Tuesday, January 25, 2011

Long term effects on the gold price could be spectacular

Long term effects on the gold price could be spectacular - Lawrence Williams - Mineweb PDF Print E-mail

Some existing housing sales seem to be picking up in the U.S., some U.S job statistics suggest the rate of employment fall-off could be declining, Portugal managed to find buyers for its recent bond sale - are these all signals that the U.S. in particular, and the world in general are coming slowly but surely out of recession? The public, clutching at straws regains a little confidence. Markets rise, industrial metals surge in price and gold stutters and falls back. But maybe this is yet another false dawn and will lead to weeping and gnashing of teeth by the fall.

The structural problems underlying the West are still virtually all with us. Maybe they have eased a little, but we are still swimming in a sea of debt and, nastily, as if yet another fury is waiting in the wings to strike, the first signs of potentially high inflation to come are appearing after what has, in reality, to be described as a deflationary period. The banks hold vast mortgage related debt which is far less secure than it might appear in their books, and no-one ever seems to raise the spectre of possibly uncollectable credit card debt!

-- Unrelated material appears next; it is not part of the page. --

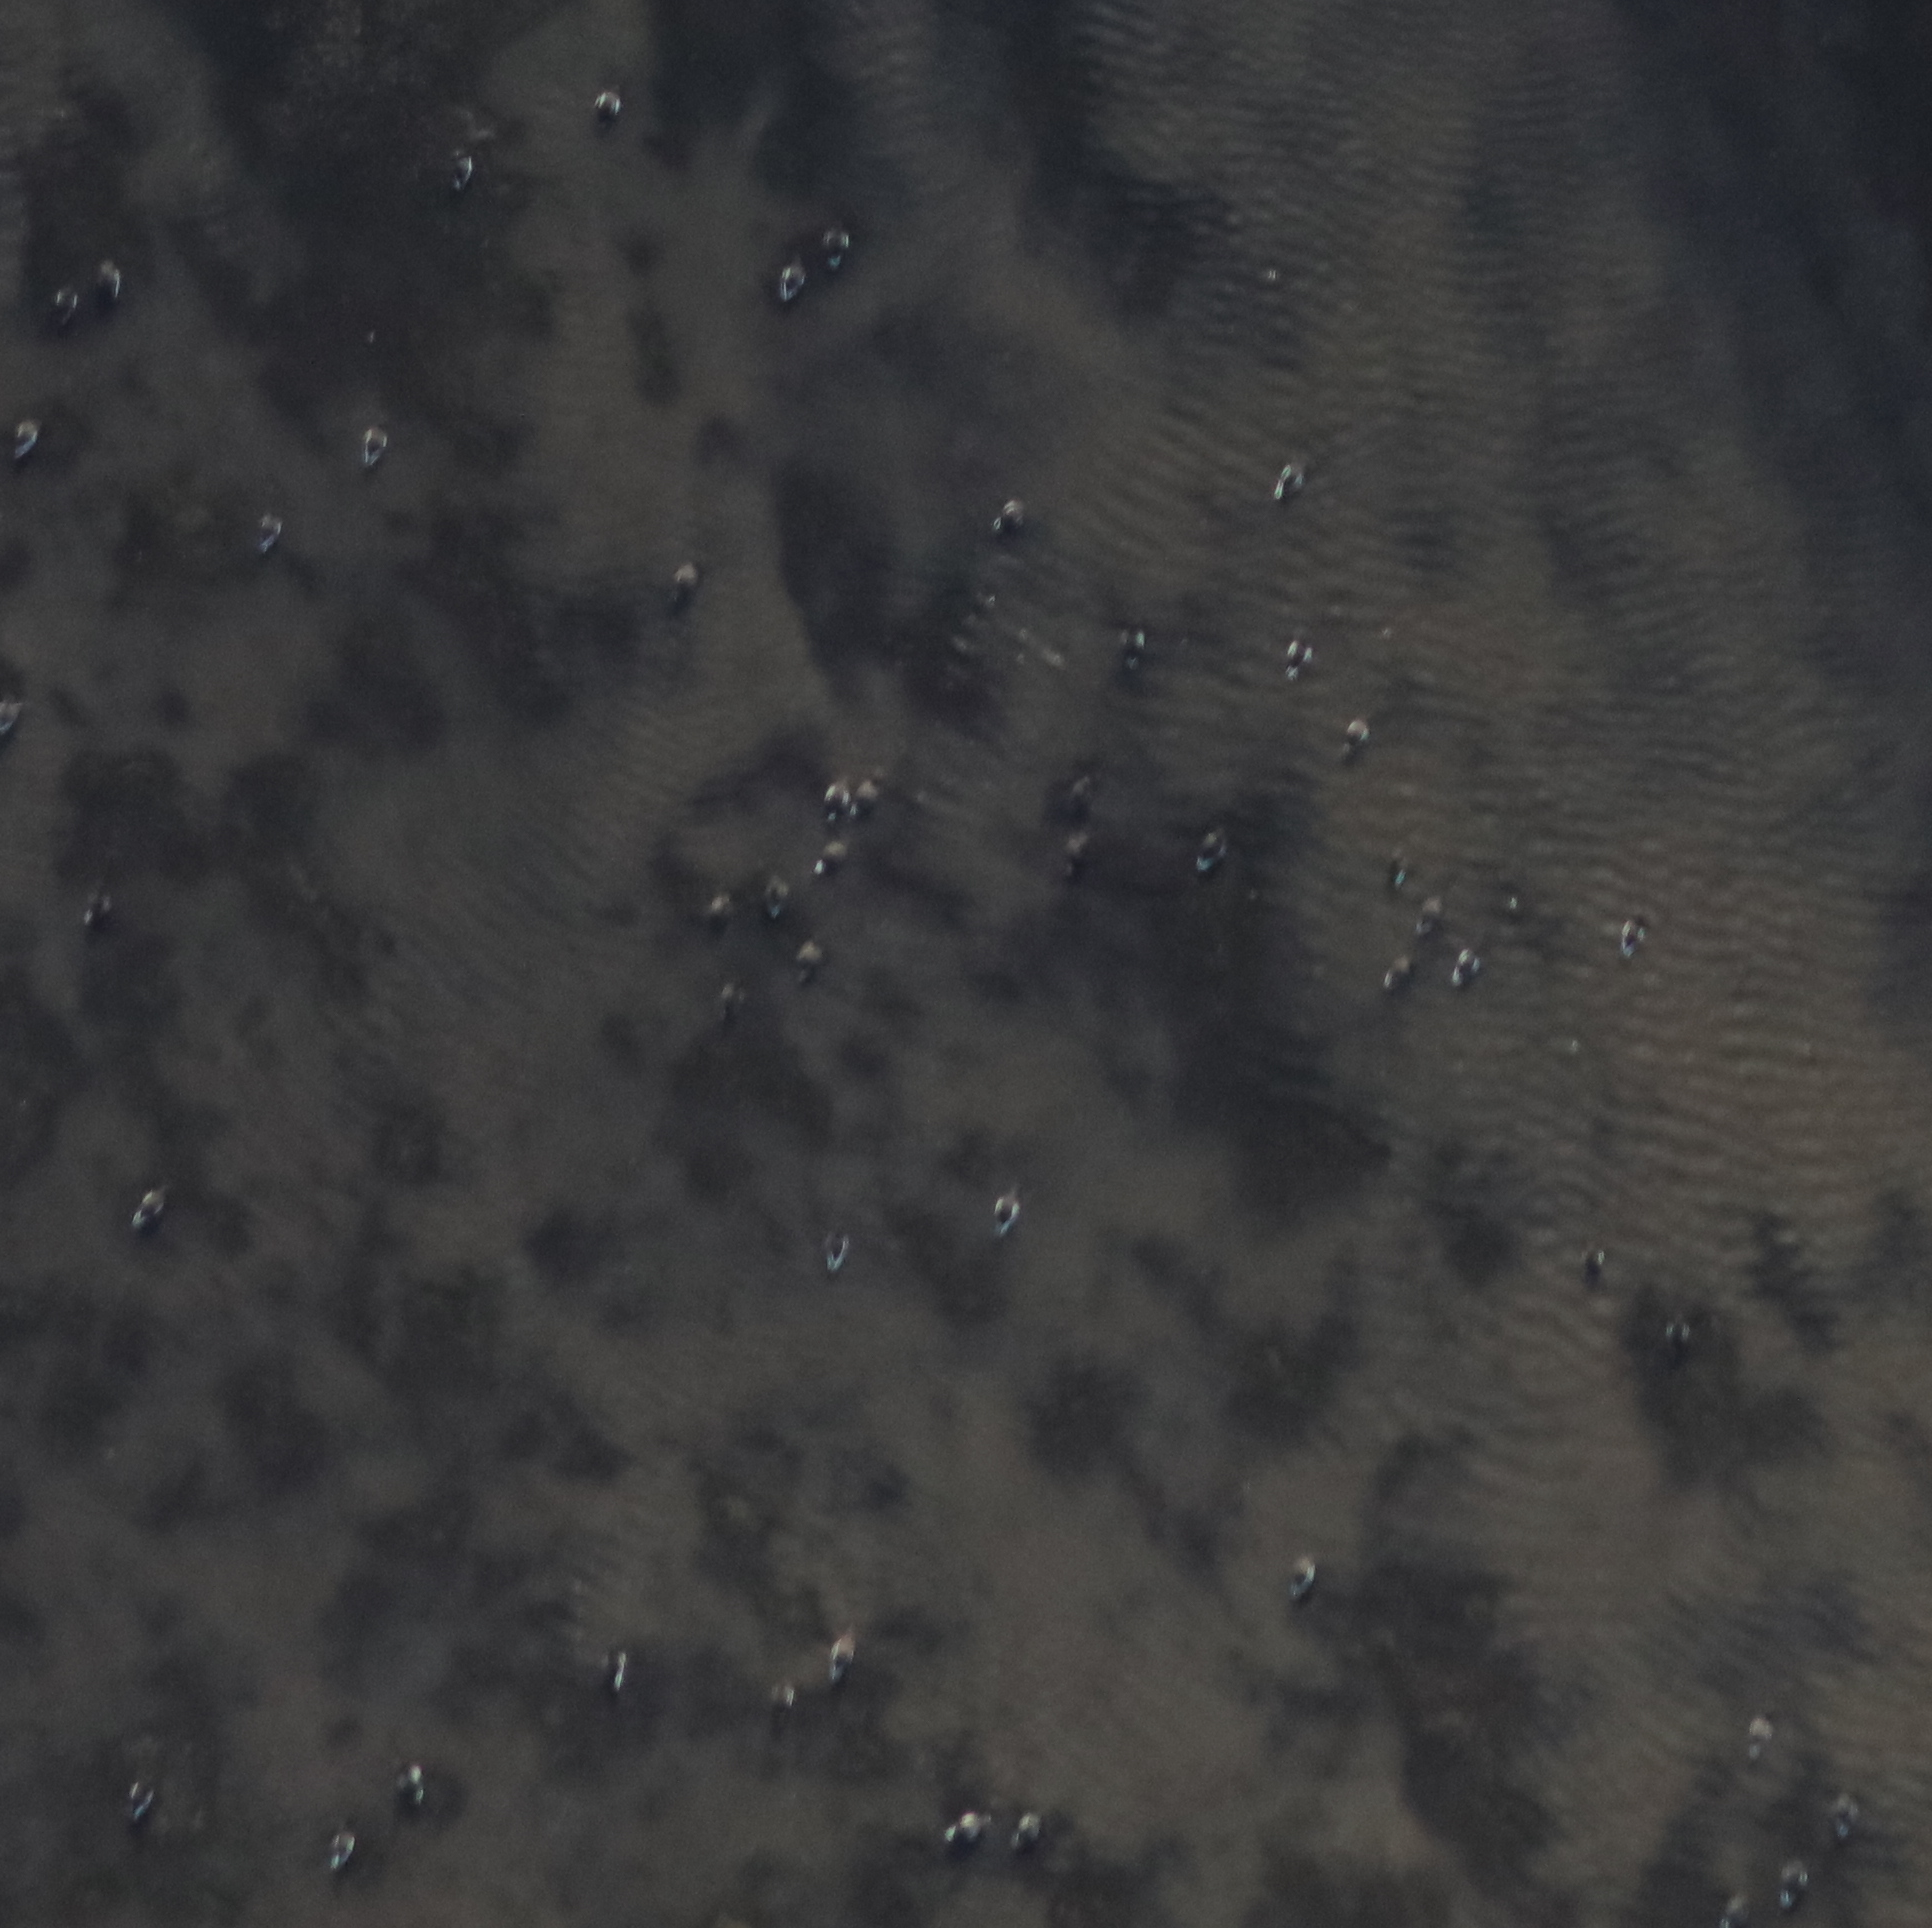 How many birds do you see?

47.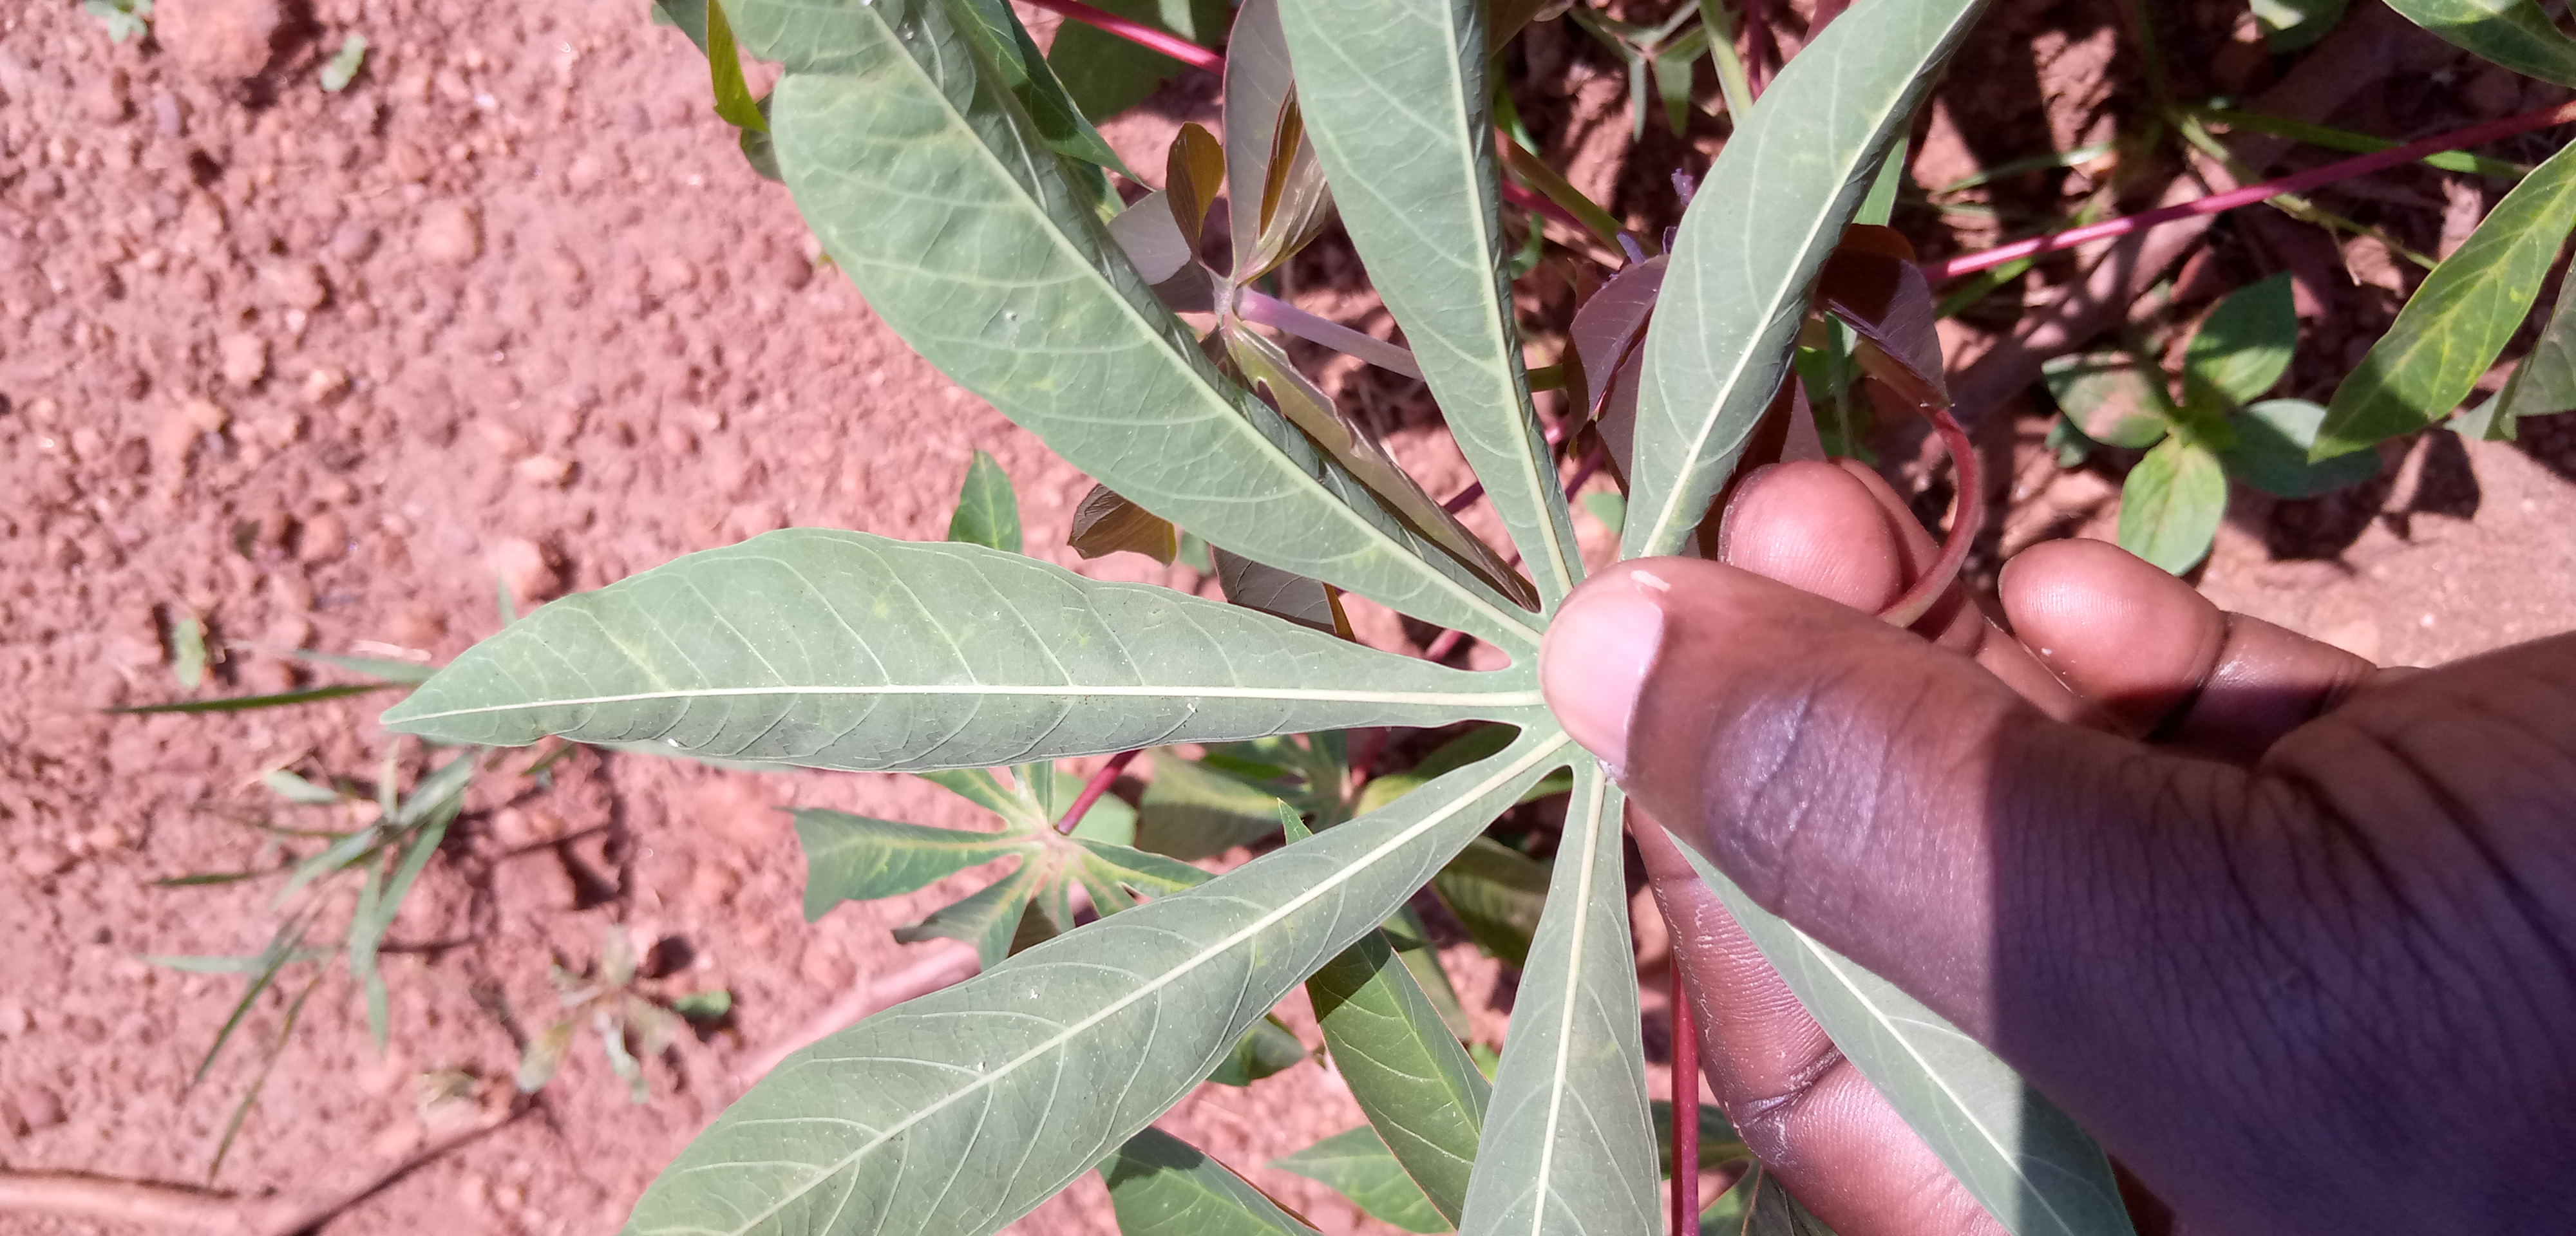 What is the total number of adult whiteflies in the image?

6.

Printing money on the scale the U.S. and the Europeans have been doing HAS to lead to serious inflation - otherwise all economic theory (and logic) is bunk! But it isn't just inflation in the countries which are printing the money. The huge increases in the world's principal reserve currencies, the dollar, the euro and to a far lesser extent these days the pound sterling, is effectively exporting even greater inflationary pressures into the rapidly expanding third world economies. To a large extent that is why the Chinese are so unhappy with the U.S. Quantitative Easing programme and why it is leading to serious argumentative rhetoric between the two superpowers.

China, for example, is already seeing serious inflation developing and is slowly, but surely, tightening its internal finances in an effort to nip this in the bud - and that is partly why metals prices are in such a volatile stage at the moment with so much depending on ever-increasing Chinese demand to keep them rising - or at the least where they already are. Rapidly rising inflation in a country with 1.3 billion people is a major worry for a government intent on keeping the lid on any signs of potential unrest and tightening could lead to a slowdown.

And, as pointed out above, national and local debt problems and potential restructurings and defaults are not going to go away. For many the costs of servicing the huge debt build alone are close to, or greater than, their revenue-raising capabilities, let alone repaying the principal. Some defaults would seem inevitable. Governments, where they can, are just printing money to alleviate their own problems and are thus building up even greater problems ahead. Already the pressures to replace the dollar as the global reserve currency are beginning to build as it effectively devalues itself. Arguably the rise in the price of gold, in dollars, over the past 10 years, is in reality only a reflection of the fall in value of the greenback on the global front.

Interestingly many commentators who are now writing off gold are doing so on the basis that improving stock markets mean that investors are now taking their money out of gold and putting it into the general markets where they feel the returns may be better. The continuing ‘gold is in a bubble' brigade are also contributing to nervousness among the speculative element within the investment community - but they would do well to remember October 2008. It could happen again - this year even - with stocks decimated, fortunes lost, and even gold suffered as holders needed to sell anything that was liquid to cover their losses elsewhere. But gold regained its levels within a couple of months while many stocks are still not back up to their pre-crash levels over two years later. The smart investor will still continue to keep gold in the portfolio as insurance against any similar market crash.

But why sell gold because markets are improving anyway? Gold has been advancing for the past ten or eleven years regardless of whether the markets were rising or falling. Maybe the correlation between gold and inflation protection is not quite what some pundits make out, but overall it is probably a safer place to put one's money than stocks or banks.

And perhaps the best reason to hold gold is that that is what the Chinese and Indians do. Not that they are necessarily smarter individually than the Caucasians, but they have longer collective memories and know that gold has stood the test of time as a protector of wealth - and with their rapidly growing economies and huge growth of individual incomes as a result, more and more are buying gold. Between them, in the next five years or so, gold imports into India and China alone could account for 75% or even more of global mined gold production, let alone that into other Eastern and Middle Eastern nations with a propensity to hold gold against a rainy day. They are turning traditional gold supply/demand statistics on their head and on this point alone, the long term effect on the gold price could be spectacular even regardless of the structural horrors inherent in Western World economies. Take the two together and maybe some of the seemingly huge over the top predictions for the gold price may not seem quite so ridiculous after all.